The enterprise stakes are significant. In 2024, 47% of enterprise AI users admitted to making at least one major business decision based on hallucinated content. Confident-but-stale memory is a direct contributor. Gartner predicts 60% of organizations will fail to realize expected AI value by 2027 because of incohesive data governance frameworks. Staleness surviving eviction is a governance failure, not a model failure, not a retrieval failure.

What eviction needs to work correctly

Eviction policies need active freshness signals from the upstream source: not “when was this memory last accessed” but “has the source changed since this was ingested?”

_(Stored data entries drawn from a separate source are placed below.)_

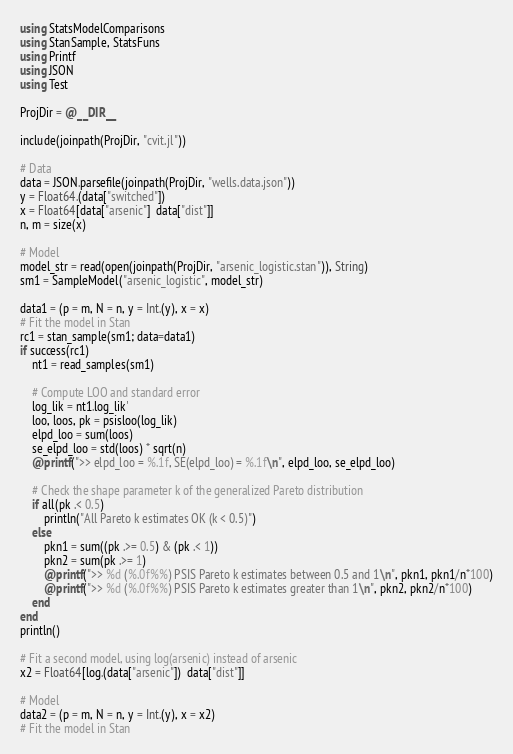<code> <loc_0><loc_0><loc_500><loc_500><_Julia_>using StatsModelComparisons
using StanSample, StatsFuns
using Printf
using JSON
using Test

ProjDir = @__DIR__

include(joinpath(ProjDir, "cvit.jl"))

# Data
data = JSON.parsefile(joinpath(ProjDir, "wells.data.json"))
y = Float64.(data["switched"])
x = Float64[data["arsenic"]  data["dist"]]
n, m = size(x)

# Model
model_str = read(open(joinpath(ProjDir, "arsenic_logistic.stan")), String)
sm1 = SampleModel("arsenic_logistic", model_str)

data1 = (p = m, N = n, y = Int.(y), x = x)
# Fit the model in Stan
rc1 = stan_sample(sm1; data=data1)
if success(rc1)
    nt1 = read_samples(sm1)

    # Compute LOO and standard error
    log_lik = nt1.log_lik'
    loo, loos, pk = psisloo(log_lik)
    elpd_loo = sum(loos)
    se_elpd_loo = std(loos) * sqrt(n)
    @printf(">> elpd_loo = %.1f, SE(elpd_loo) = %.1f\n", elpd_loo, se_elpd_loo)

    # Check the shape parameter k of the generalized Pareto distribution
    if all(pk .< 0.5)
        println("All Pareto k estimates OK (k < 0.5)")
    else
        pkn1 = sum((pk .>= 0.5) & (pk .< 1))
        pkn2 = sum(pk .>= 1)
        @printf(">> %d (%.0f%%) PSIS Pareto k estimates between 0.5 and 1\n", pkn1, pkn1/n*100)
        @printf(">> %d (%.0f%%) PSIS Pareto k estimates greater than 1\n", pkn2, pkn2/n*100)
    end
end
println()

# Fit a second model, using log(arsenic) instead of arsenic
x2 = Float64[log.(data["arsenic"])  data["dist"]]

# Model
data2 = (p = m, N = n, y = Int.(y), x = x2)
# Fit the model in Stan</code> 
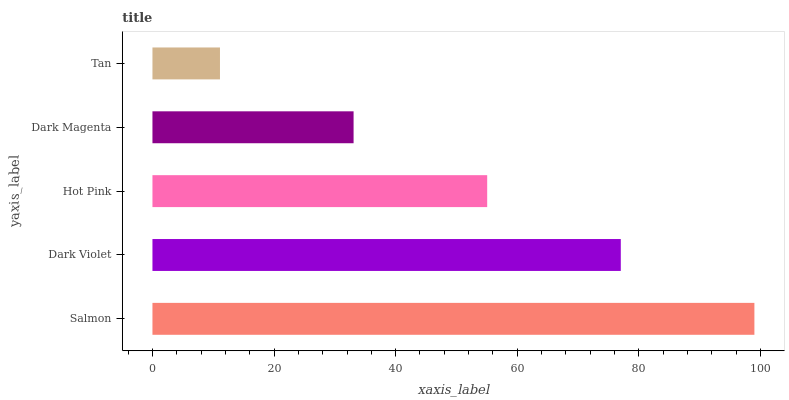Is Tan the minimum?
Answer yes or no. Yes. Is Salmon the maximum?
Answer yes or no. Yes. Is Dark Violet the minimum?
Answer yes or no. No. Is Dark Violet the maximum?
Answer yes or no. No. Is Salmon greater than Dark Violet?
Answer yes or no. Yes. Is Dark Violet less than Salmon?
Answer yes or no. Yes. Is Dark Violet greater than Salmon?
Answer yes or no. No. Is Salmon less than Dark Violet?
Answer yes or no. No. Is Hot Pink the high median?
Answer yes or no. Yes. Is Hot Pink the low median?
Answer yes or no. Yes. Is Dark Violet the high median?
Answer yes or no. No. Is Dark Magenta the low median?
Answer yes or no. No. 
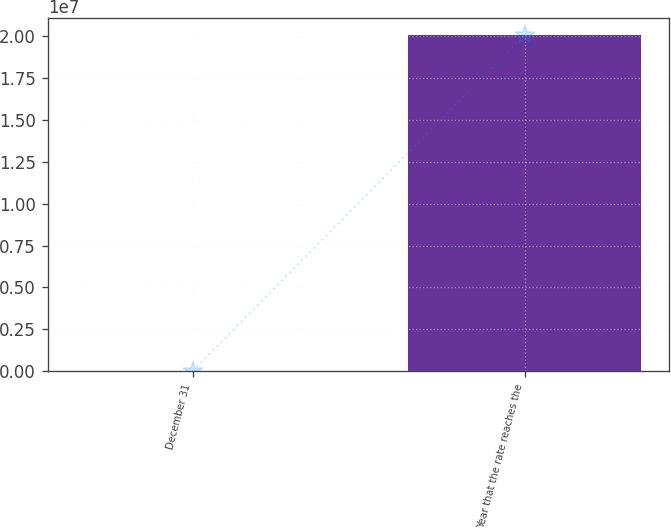<chart> <loc_0><loc_0><loc_500><loc_500><bar_chart><fcel>December 31<fcel>Year that the rate reaches the<nl><fcel>2007<fcel>2.0082e+07<nl></chart> 
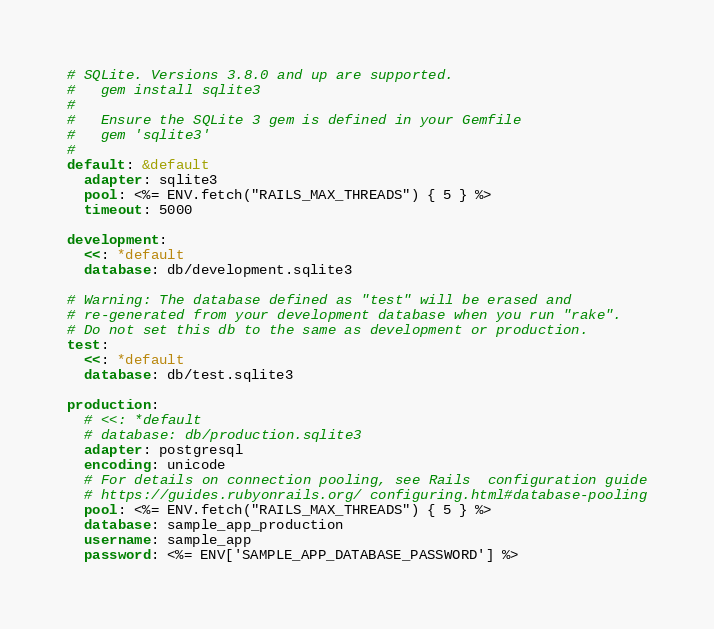<code> <loc_0><loc_0><loc_500><loc_500><_YAML_># SQLite. Versions 3.8.0 and up are supported.
#   gem install sqlite3
#
#   Ensure the SQLite 3 gem is defined in your Gemfile
#   gem 'sqlite3'
#
default: &default
  adapter: sqlite3
  pool: <%= ENV.fetch("RAILS_MAX_THREADS") { 5 } %>
  timeout: 5000

development:
  <<: *default
  database: db/development.sqlite3

# Warning: The database defined as "test" will be erased and
# re-generated from your development database when you run "rake".
# Do not set this db to the same as development or production.
test:
  <<: *default
  database: db/test.sqlite3

production:
  # <<: *default
  # database: db/production.sqlite3
  adapter: postgresql
  encoding: unicode
  # For details on connection pooling, see Rails  configuration guide
  # https://guides.rubyonrails.org/ configuring.html#database-pooling
  pool: <%= ENV.fetch("RAILS_MAX_THREADS") { 5 } %>
  database: sample_app_production
  username: sample_app
  password: <%= ENV['SAMPLE_APP_DATABASE_PASSWORD'] %></code> 
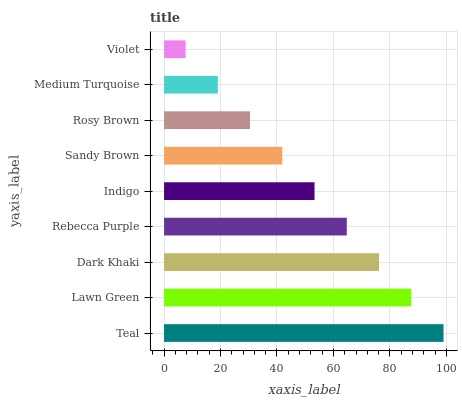Is Violet the minimum?
Answer yes or no. Yes. Is Teal the maximum?
Answer yes or no. Yes. Is Lawn Green the minimum?
Answer yes or no. No. Is Lawn Green the maximum?
Answer yes or no. No. Is Teal greater than Lawn Green?
Answer yes or no. Yes. Is Lawn Green less than Teal?
Answer yes or no. Yes. Is Lawn Green greater than Teal?
Answer yes or no. No. Is Teal less than Lawn Green?
Answer yes or no. No. Is Indigo the high median?
Answer yes or no. Yes. Is Indigo the low median?
Answer yes or no. Yes. Is Medium Turquoise the high median?
Answer yes or no. No. Is Lawn Green the low median?
Answer yes or no. No. 
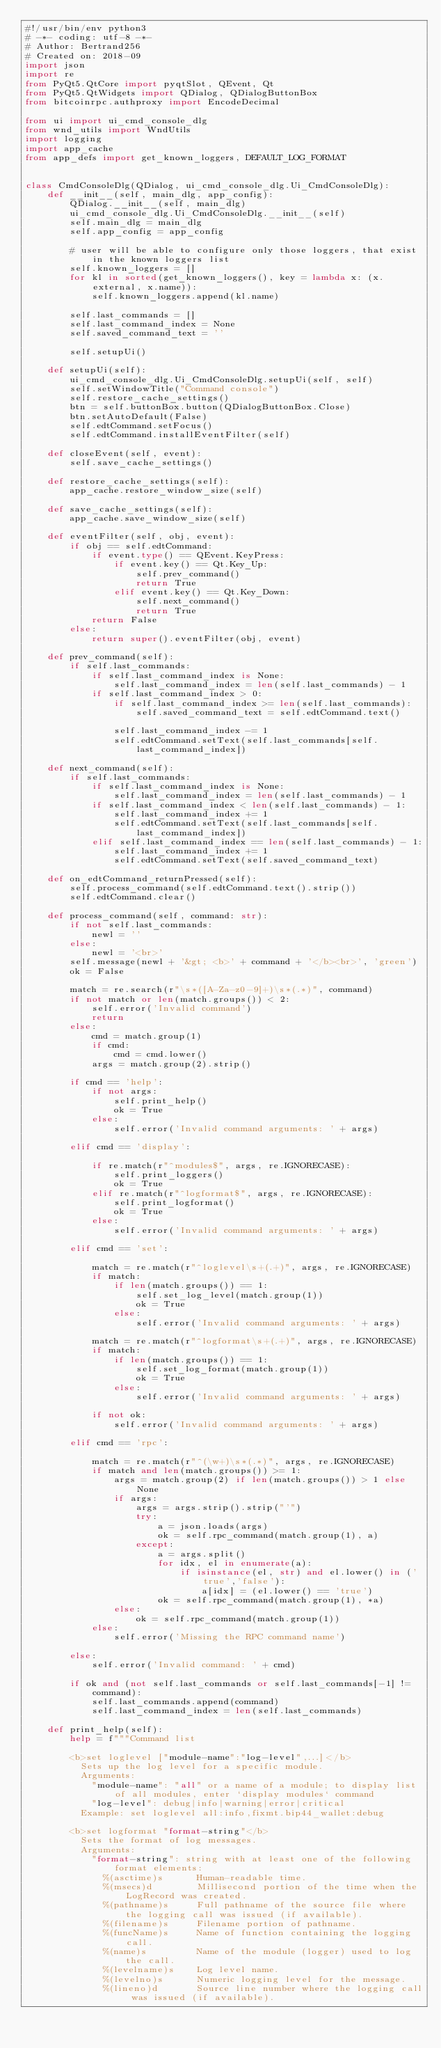Convert code to text. <code><loc_0><loc_0><loc_500><loc_500><_Python_>#!/usr/bin/env python3
# -*- coding: utf-8 -*-
# Author: Bertrand256
# Created on: 2018-09
import json
import re
from PyQt5.QtCore import pyqtSlot, QEvent, Qt
from PyQt5.QtWidgets import QDialog, QDialogButtonBox
from bitcoinrpc.authproxy import EncodeDecimal

from ui import ui_cmd_console_dlg
from wnd_utils import WndUtils
import logging
import app_cache
from app_defs import get_known_loggers, DEFAULT_LOG_FORMAT


class CmdConsoleDlg(QDialog, ui_cmd_console_dlg.Ui_CmdConsoleDlg):
    def __init__(self, main_dlg, app_config):
        QDialog.__init__(self, main_dlg)
        ui_cmd_console_dlg.Ui_CmdConsoleDlg.__init__(self)
        self.main_dlg = main_dlg
        self.app_config = app_config

        # user will be able to configure only those loggers, that exist in the known loggers list
        self.known_loggers = []
        for kl in sorted(get_known_loggers(), key = lambda x: (x.external, x.name)):
            self.known_loggers.append(kl.name)

        self.last_commands = []
        self.last_command_index = None
        self.saved_command_text = ''

        self.setupUi()

    def setupUi(self):
        ui_cmd_console_dlg.Ui_CmdConsoleDlg.setupUi(self, self)
        self.setWindowTitle("Command console")
        self.restore_cache_settings()
        btn = self.buttonBox.button(QDialogButtonBox.Close)
        btn.setAutoDefault(False)
        self.edtCommand.setFocus()
        self.edtCommand.installEventFilter(self)

    def closeEvent(self, event):
        self.save_cache_settings()

    def restore_cache_settings(self):
        app_cache.restore_window_size(self)

    def save_cache_settings(self):
        app_cache.save_window_size(self)

    def eventFilter(self, obj, event):
        if obj == self.edtCommand:
            if event.type() == QEvent.KeyPress:
                if event.key() == Qt.Key_Up:
                    self.prev_command()
                    return True
                elif event.key() == Qt.Key_Down:
                    self.next_command()
                    return True
            return False
        else:
            return super().eventFilter(obj, event)

    def prev_command(self):
        if self.last_commands:
            if self.last_command_index is None:
                self.last_command_index = len(self.last_commands) - 1
            if self.last_command_index > 0:
                if self.last_command_index >= len(self.last_commands):
                    self.saved_command_text = self.edtCommand.text()

                self.last_command_index -= 1
                self.edtCommand.setText(self.last_commands[self.last_command_index])

    def next_command(self):
        if self.last_commands:
            if self.last_command_index is None:
                self.last_command_index = len(self.last_commands) - 1
            if self.last_command_index < len(self.last_commands) - 1:
                self.last_command_index += 1
                self.edtCommand.setText(self.last_commands[self.last_command_index])
            elif self.last_command_index == len(self.last_commands) - 1:
                self.last_command_index += 1
                self.edtCommand.setText(self.saved_command_text)

    def on_edtCommand_returnPressed(self):
        self.process_command(self.edtCommand.text().strip())
        self.edtCommand.clear()

    def process_command(self, command: str):
        if not self.last_commands:
            newl = ''
        else:
            newl = '<br>'
        self.message(newl + '&gt; <b>' + command + '</b><br>', 'green')
        ok = False

        match = re.search(r"\s*([A-Za-z0-9]+)\s*(.*)", command)
        if not match or len(match.groups()) < 2:
            self.error('Invalid command')
            return
        else:
            cmd = match.group(1)
            if cmd:
                cmd = cmd.lower()
            args = match.group(2).strip()

        if cmd == 'help':
            if not args:
                self.print_help()
                ok = True
            else:
                self.error('Invalid command arguments: ' + args)

        elif cmd == 'display':

            if re.match(r"^modules$", args, re.IGNORECASE):
                self.print_loggers()
                ok = True
            elif re.match(r"^logformat$", args, re.IGNORECASE):
                self.print_logformat()
                ok = True
            else:
                self.error('Invalid command arguments: ' + args)

        elif cmd == 'set':

            match = re.match(r"^loglevel\s+(.+)", args, re.IGNORECASE)
            if match:
                if len(match.groups()) == 1:
                    self.set_log_level(match.group(1))
                    ok = True
                else:
                    self.error('Invalid command arguments: ' + args)

            match = re.match(r"^logformat\s+(.+)", args, re.IGNORECASE)
            if match:
                if len(match.groups()) == 1:
                    self.set_log_format(match.group(1))
                    ok = True
                else:
                    self.error('Invalid command arguments: ' + args)

            if not ok:
                self.error('Invalid command arguments: ' + args)

        elif cmd == 'rpc':

            match = re.match(r"^(\w+)\s*(.*)", args, re.IGNORECASE)
            if match and len(match.groups()) >= 1:
                args = match.group(2) if len(match.groups()) > 1 else None
                if args:
                    args = args.strip().strip("'")
                    try:
                        a = json.loads(args)
                        ok = self.rpc_command(match.group(1), a)
                    except:
                        a = args.split()
                        for idx, el in enumerate(a):
                            if isinstance(el, str) and el.lower() in ('true','false'):
                                a[idx] = (el.lower() == 'true')
                        ok = self.rpc_command(match.group(1), *a)
                else:
                    ok = self.rpc_command(match.group(1))
            else:
                self.error('Missing the RPC command name')

        else:
            self.error('Invalid command: ' + cmd)

        if ok and (not self.last_commands or self.last_commands[-1] != command):
            self.last_commands.append(command)
            self.last_command_index = len(self.last_commands)

    def print_help(self):
        help = f"""Command list
        
        <b>set loglevel ["module-name":"log-level",...]</b>
          Sets up the log level for a specific module.
          Arguments:
            "module-name": "all" or a name of a module; to display list of all modules, enter `display modules` command
            "log-level": debug|info|warning|error|critical
          Example: set loglevel all:info,fixmt.bip44_wallet:debug  
            
        <b>set logformat "format-string"</b>
          Sets the format of log messages.
          Arguments:
            "format-string": string with at least one of the following format elements:
              %(asctime)s      Human-readable time.
              %(msecs)d        Millisecond portion of the time when the LogRecord was created.
              %(pathname)s     Full pathname of the source file where the logging call was issued (if available).
              %(filename)s     Filename portion of pathname.
              %(funcName)s     Name of function containing the logging call.
              %(name)s         Name of the module (logger) used to log the call.
              %(levelname)s    Log level name.
              %(levelno)s      Numeric logging level for the message.
              %(lineno)d       Source line number where the logging call was issued (if available).</code> 
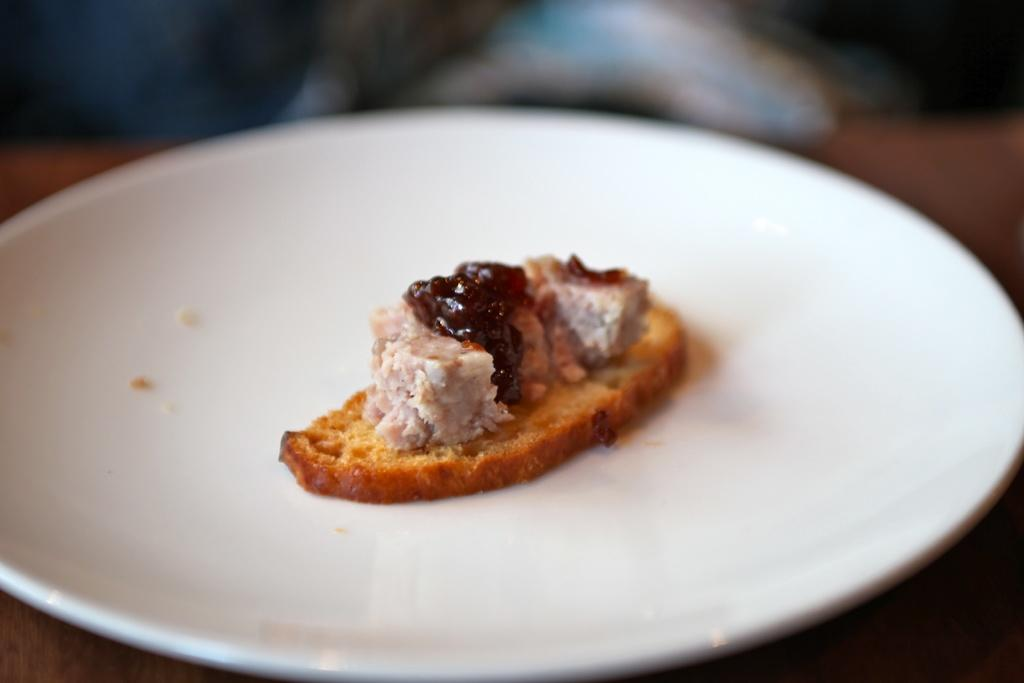What color is the plate that is visible in the image? The plate is white. What is on the plate in the image? There is a food item on the white plate. What type of ball is visible on the plate in the image? There is no ball present on the plate in the image; it only contains a food item. 
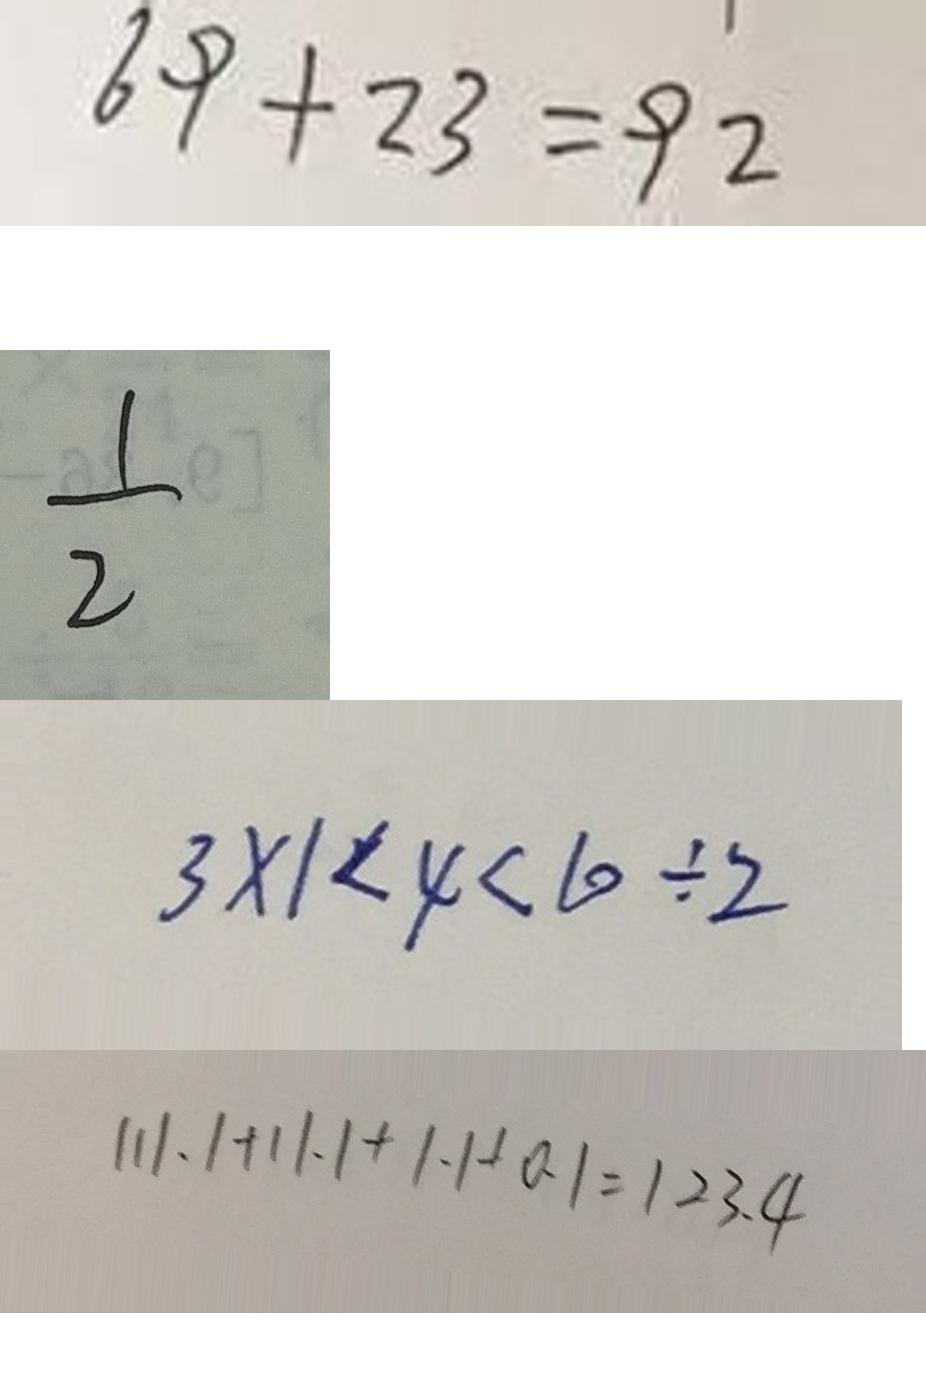Convert formula to latex. <formula><loc_0><loc_0><loc_500><loc_500>6 9 + 2 3 = 9 2 
 \frac { 1 } { 2 } 
 3 \times 1 < 4 < 1 0 \div 2 
 1 1 1 . 1 + 1 1 . 1 + 1 . 1 + 0 . 1 = 1 2 3 . 4</formula>

MemOS (arXiv:2507.03724), published July 2025, is the most advanced memory framework currently available on this dimension. Its MemCube model tracks origin signature, provenance metadata, and lifecycle state per memory unit. This is the closest existing system to governance-aware eviction.

The gap: MemOS builds this provenance infrastructure from scratch. It doesn’t connect to the governed data infrastructure enterprises already maintain. A data catalog with active metadata (continuously updated signals, not point-in-time snapshots) already carries the freshness signals eviction policies need. The question is why memory frameworks build provenance tracking in isolation rather than connecting to the governed source that already has it.

Why the field’s attention is inverted

The AI memory literature (218 papers analyzed from 2023 Q1 through 2025 Q4) concentrates research effort on retrieval mechanisms and storage architecture. Ingestion quality and eviction provenance receive surface treatment. This inversion matters: retrieval is the most visible failure mode; ingestion is the root cause. Fixing the wrong stage is why scaling agentic AI remains elusive for most enterprises.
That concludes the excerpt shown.